What the hell are you talking about? Please re-read what I said and apply comprehension to it. I wasn't talking about Cylance having a firewall.
 

artek

Level 4
What the hell are you talking about? Please re-read what I said and apply comprehension to it. I wasn't talking about Cylance having a firewall.
I didn't think you were. What I was saying, and lets just pick one of those vendors you listed at random, say Norton Sphere. Back in 2014 their firewall was failing to prevent remote desktop connections and file sharing connections. Do you really trust them to design and secure a router?
 

Slyguy

Level 42
Verified
I didn't think you were. What I was saying, and lets just pick one of those vendors you listed at random, say Norton Sphere. Back in 2014 their firewall was failing to prevent remote desktop connections and file sharing connections. Do you really trust them to design and secure a router?
Norton has a well regarded firewall among software firewalls. However I was simply listing a few random UTM type appliances without regard to individual merits. (or lack of) The fact is, Norton Sphere functions like a UTM and has web filtration. That was the point being made. Cylance has some pretty big limitations for handling anything other than file execution malware.

But paired with a UTM, it's probably quite nice as Umbra points out - in corporate environments it's probably great behind some nice gateway gear, tools, and a locked down AD environment with directory security managed properly.
 

askmark

Level 12
Verified
As someone who has evaluated the corporate version of Cylance in my organisation I can tell you the only impressive thing i found was the agent's small footprint and low resource usage.

One of the test PC's during the POC (proof of concept) actually became infected with malware and Cylance was totally oblivious to its existence. It was only the user reporting odd behaviour of their PC that alerted us to their being something wrong. A scan with an on demand scanner confirmed a known trojan was persistent and active in memory.

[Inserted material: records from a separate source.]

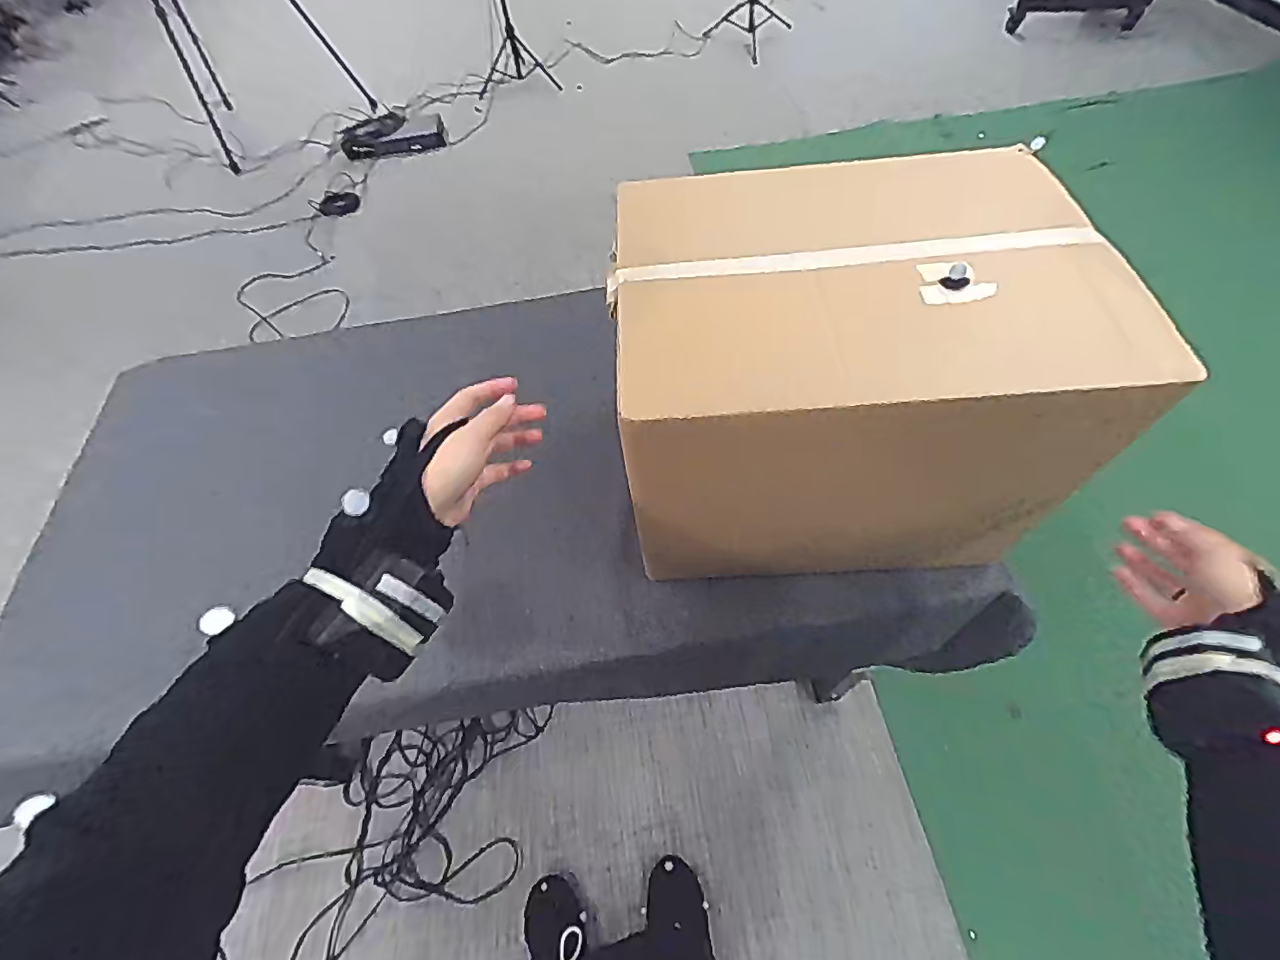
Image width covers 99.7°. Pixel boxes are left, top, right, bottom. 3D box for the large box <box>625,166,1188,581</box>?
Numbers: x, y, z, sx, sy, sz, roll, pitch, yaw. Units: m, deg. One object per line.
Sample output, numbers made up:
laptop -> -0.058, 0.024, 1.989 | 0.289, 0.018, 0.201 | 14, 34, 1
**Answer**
large box -> 0.195, -0.098, 0.593 | 0.408, 0.320, 0.320 | -3, 57, 2
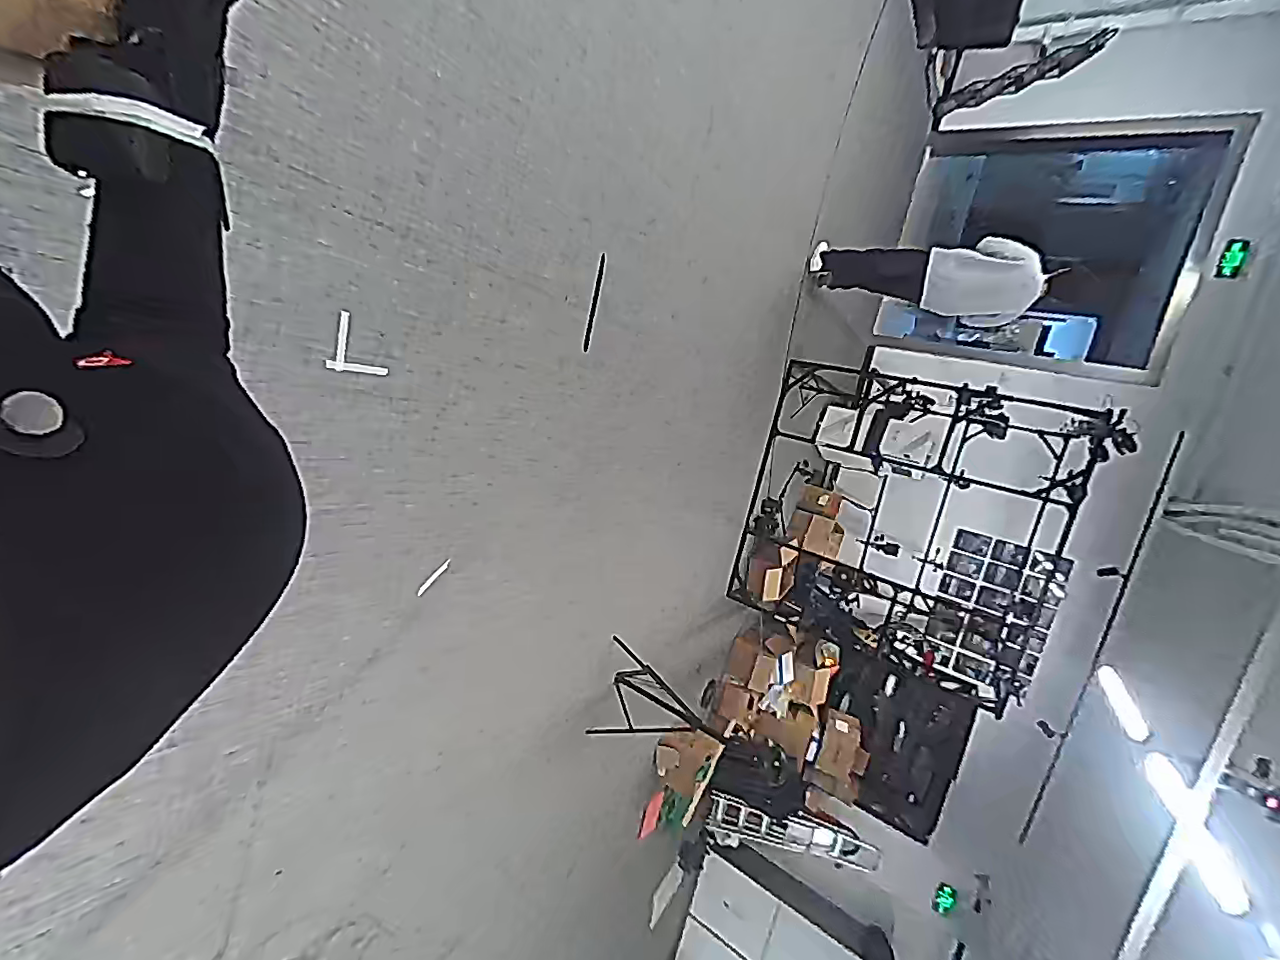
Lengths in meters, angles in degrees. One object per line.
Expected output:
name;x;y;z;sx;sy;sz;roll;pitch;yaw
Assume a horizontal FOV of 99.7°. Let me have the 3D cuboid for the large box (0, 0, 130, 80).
large box;-0.538;-0.442;0.228;0.408;0.320;0.320;-11;122;-58

Then their was the cost. At the time we were using Panda on all of our endpoints as it was 50% cheaper than Sophos (our previous solution). Cylance however worked out to be twice as expensive as Sophos!

Needless to say we went with Sophos as it proved more effective, due to its multilayer protection and also better value at half the cost of Cylance.

I so very nearly fell for all the flash marketing BS. If I had I don't think I'd still be in a job.
 

Slyguy

Level 42
Verified
As someone who has evaluated the corporate version of Cylance in my organisation I can tell you the only impressive thing i found was the agent's small footprint and low resource usage.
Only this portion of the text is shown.